Looking back, this meeting was a huge milestone in the healthcare of Broward County. The consensus was to build a hospital supported by the city, county or a hospital district. The doctors present promised that the Broward County Medical Society would work in full harmony with any lay committee toward bringing a community hospital to the area. The result of the meeting was a unanimous motion to form the Broward Hospital Association (BHA).

From that point on, the BHA began its mission to raise the funds needed to build a hospital. The Chairman, James D. Camp, as well as the other members, explored every possibility of finding funds. Members of the community were “more than willing to give anything from one dollar to several hundred” but even that was only enough to furnish the hospital; not enough to build one.

The next step was to find a building suitable for conversion. After a long search, it was agreed that the Granada apartments, located on Southeast First Avenue between 16th and 17th streets, “could be remodeled into a hospital that would accommodate 45 patients with acceptable operating rooms, delivery rooms, laboratories, and x-ray space.” With the physicians’ approval, Camp and his committee found that the property could be bought for $26,000 cash.
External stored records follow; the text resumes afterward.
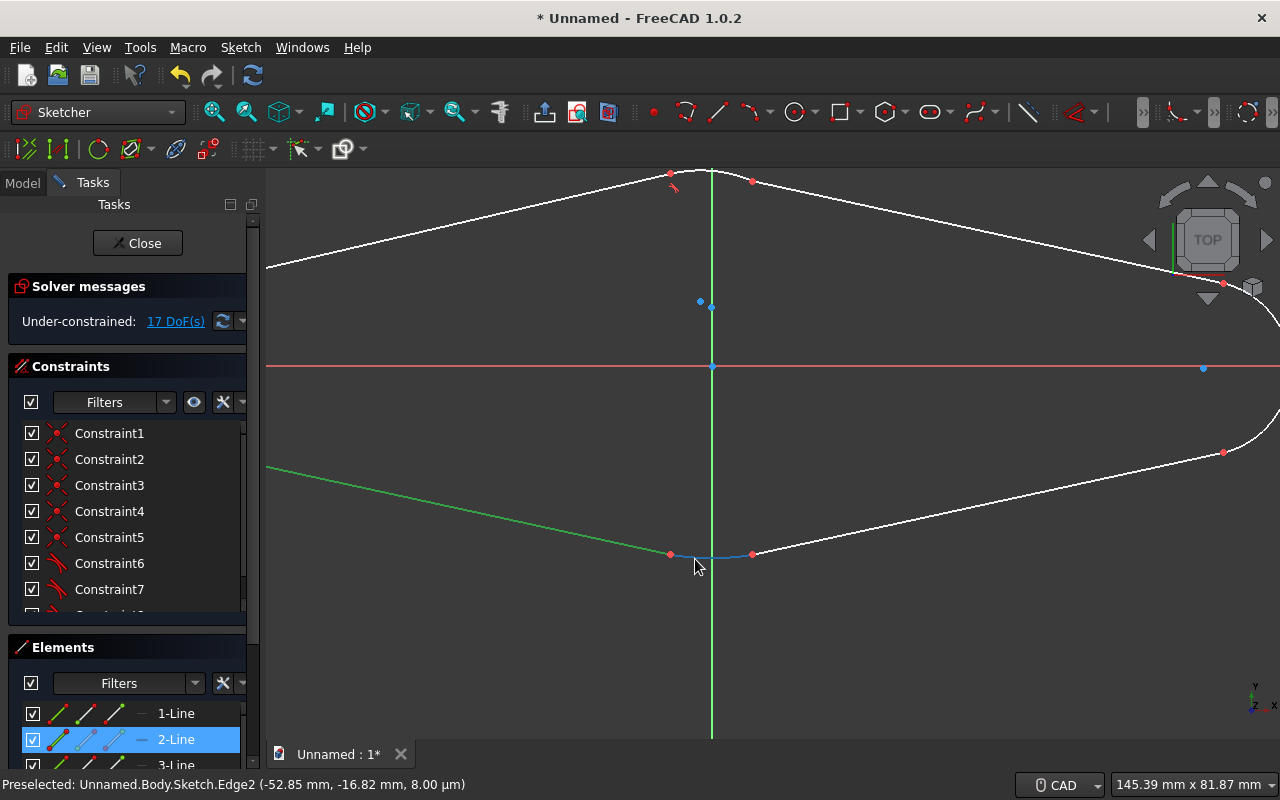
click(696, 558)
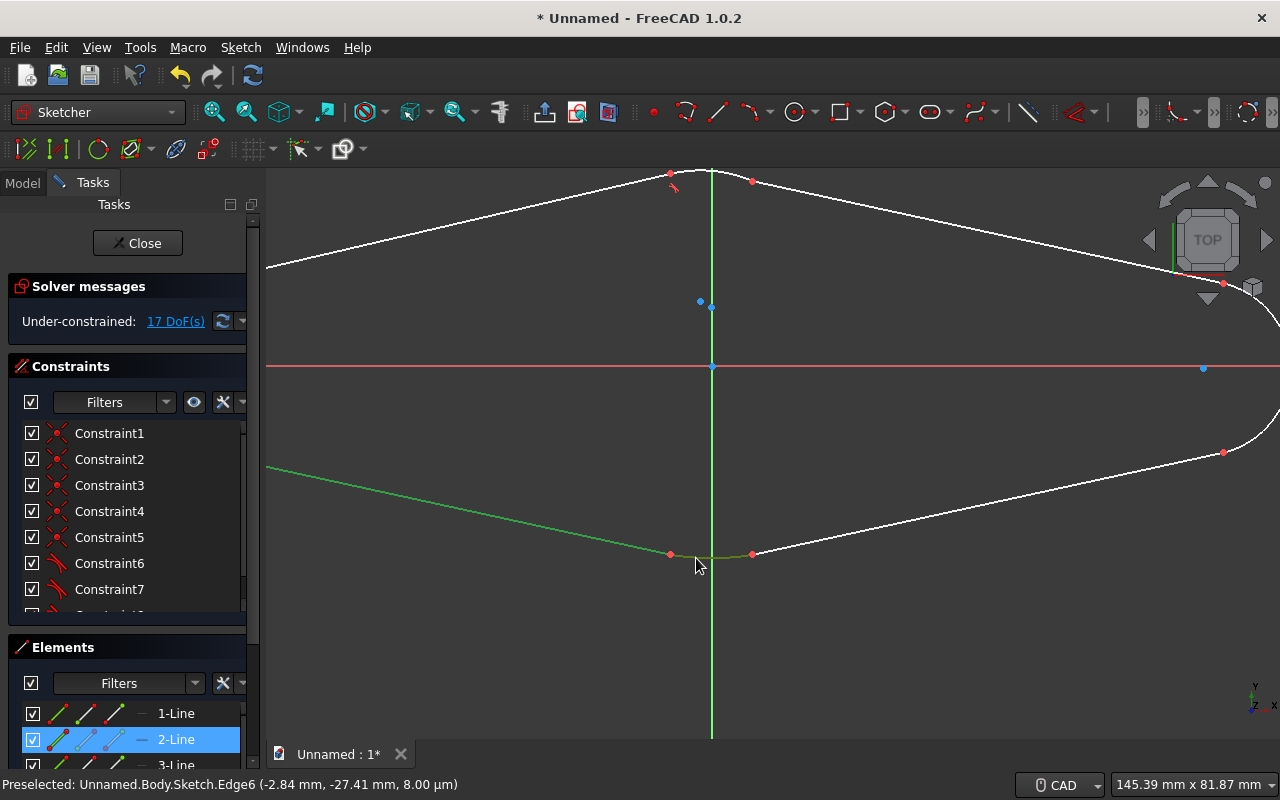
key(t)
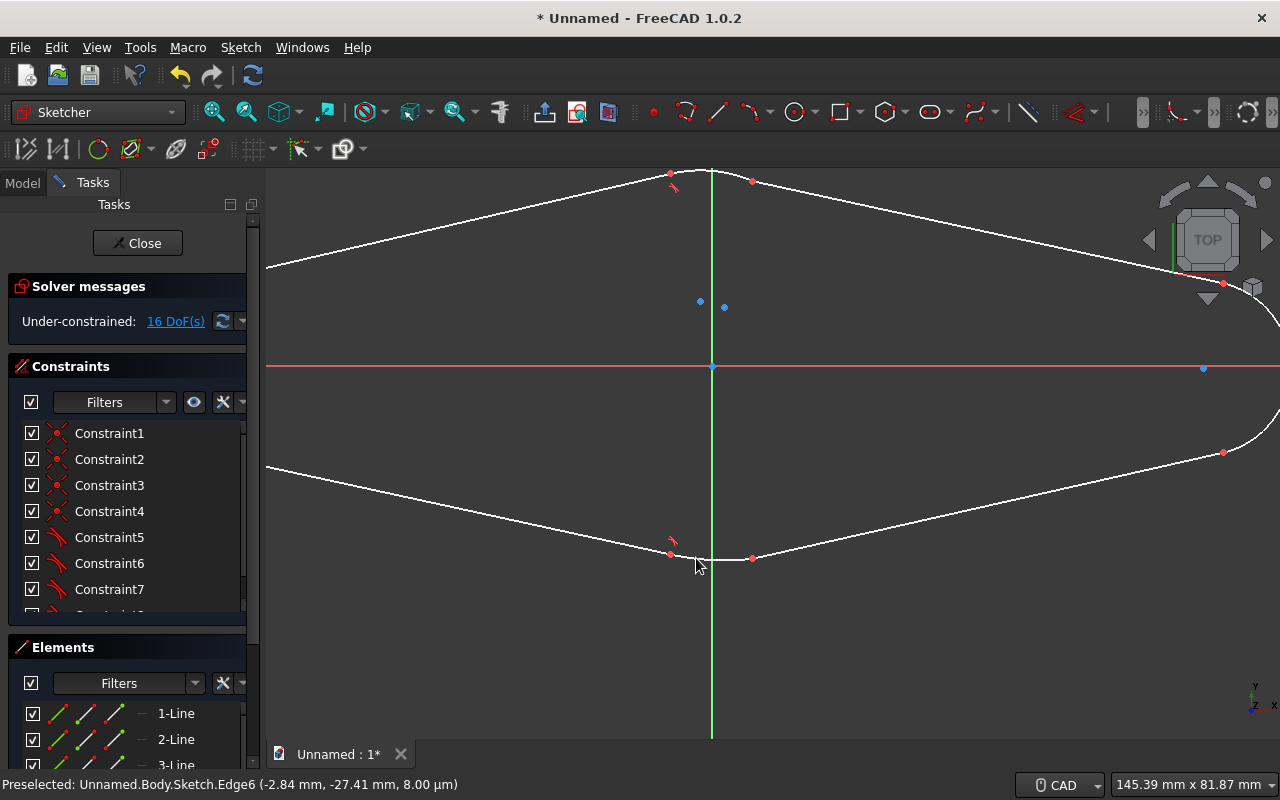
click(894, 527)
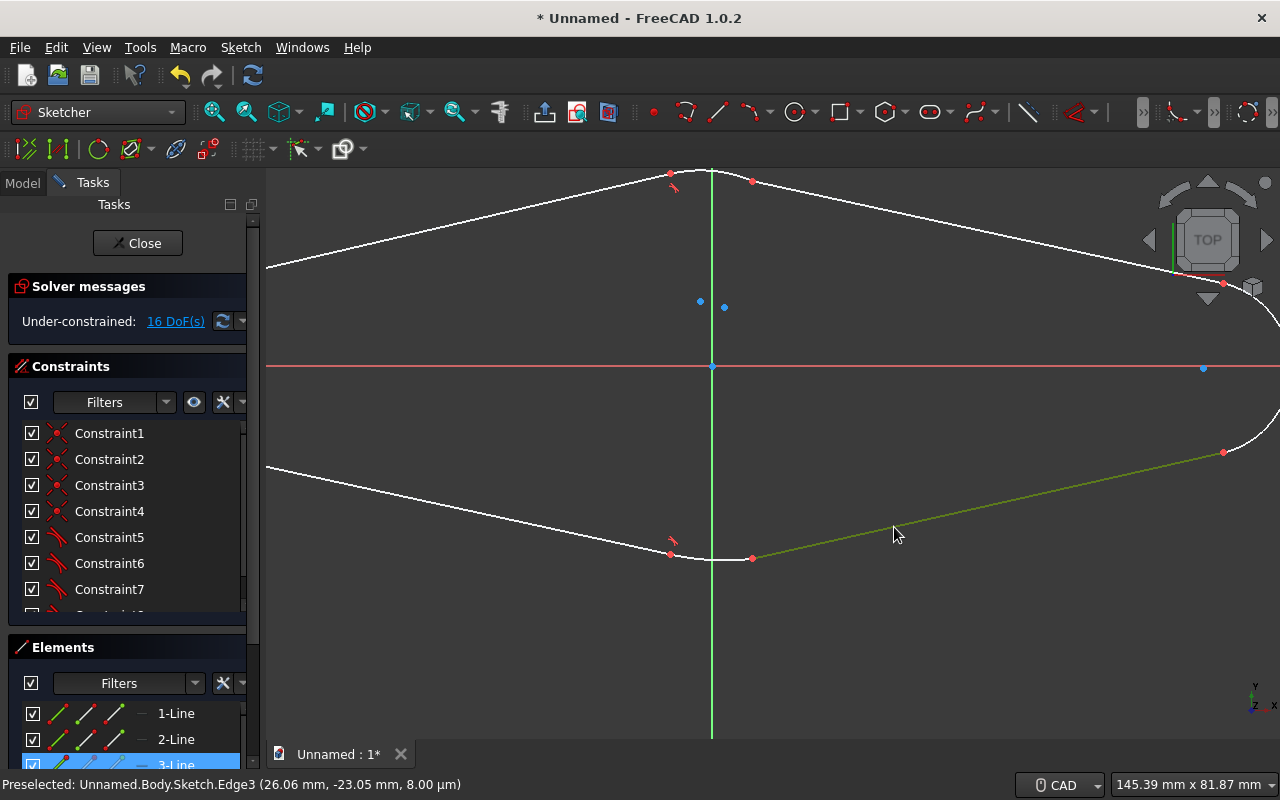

The City Commission approved the request and Camp was ready to complete the plans for the purchase of the property. The Broward Bank approved the first mortgage of $15,000 and the Medical Society members would underwrite the balance of $11,000.

Members of the community also joined in. Many donated their work at cost, contributing their fees to the “hospital fund”. A “drive” was also implemented and equipment donated. Finally, after months of hard work and dedication, the 45-bed hospital opened its doors as the new Broward General Hospital (now Broward General Medical Center). Dr. R.L. Elliston admitted his first patient, William Miller, on January 2, 1938. The total cost of property, conversion, and remodeling was $57,500.00.

Between 1935 and 1940, the population of Broward County grew from 20,000 to approximately 30,000. To keep up with the growth, the addition of a new wing was crucial, but without funding the expansion would be close to impossible.

Dr. Russell B. Carson, Broward General Hospital urologist, the 26th physician in Broward County and a board member of the Broward County Medical Society, remembers discussing the crisis over lunch at Brown’s Restaurant at what was called ‘the pot roast table’.

“All of us used to go to Brown’s Restaurant for lunch; Mr. Brown was on the Board so all the board members, newspaper reporters, physicians and lawyers would come talk around this big table we liked to call the ‘pot roast table’. We used to talk about the sore need for an addition and we didn’t know where we were going to get the money. Board Member Bill Kelly came up with the idea one day while realizing that we have a poor district, a school district, a drainage district and a highway commission, so why not a hospital district?”

Camp approached the city commission in 1940 about the need for expansion and received favorable response for a new wing. In 1942 a South Wing was added providing enough beds to weather the war. After the war, in 1948, the East Wing was built raising the bed total at Broward General to 142. Provident Hospital (35 beds), a non-profit private hospital built to serve the black population and Hollywood Hospital (46 beds), were the only other hospital facilities in the county. The 223-bed total was not enough to accommodate the entire population of Broward County.

In 1949, the Hospital Board returned to the City Commission to ask for funds for another wing. This time the City Commission denied the request. As a result, Camp and all members of the Board resigned.

In 1950, the need for a community-funded taxing district was inevitable. In August, the Broward General Hospital Board succeeded in obtaining approval of an expansion program for which the city applied for a $500,000 RFC loan. A legislative act for a North Broward Hospital District was approved in 1952 by referendum and a District Board was appointed by the governor with William J. Kelley as chairman. The District was born.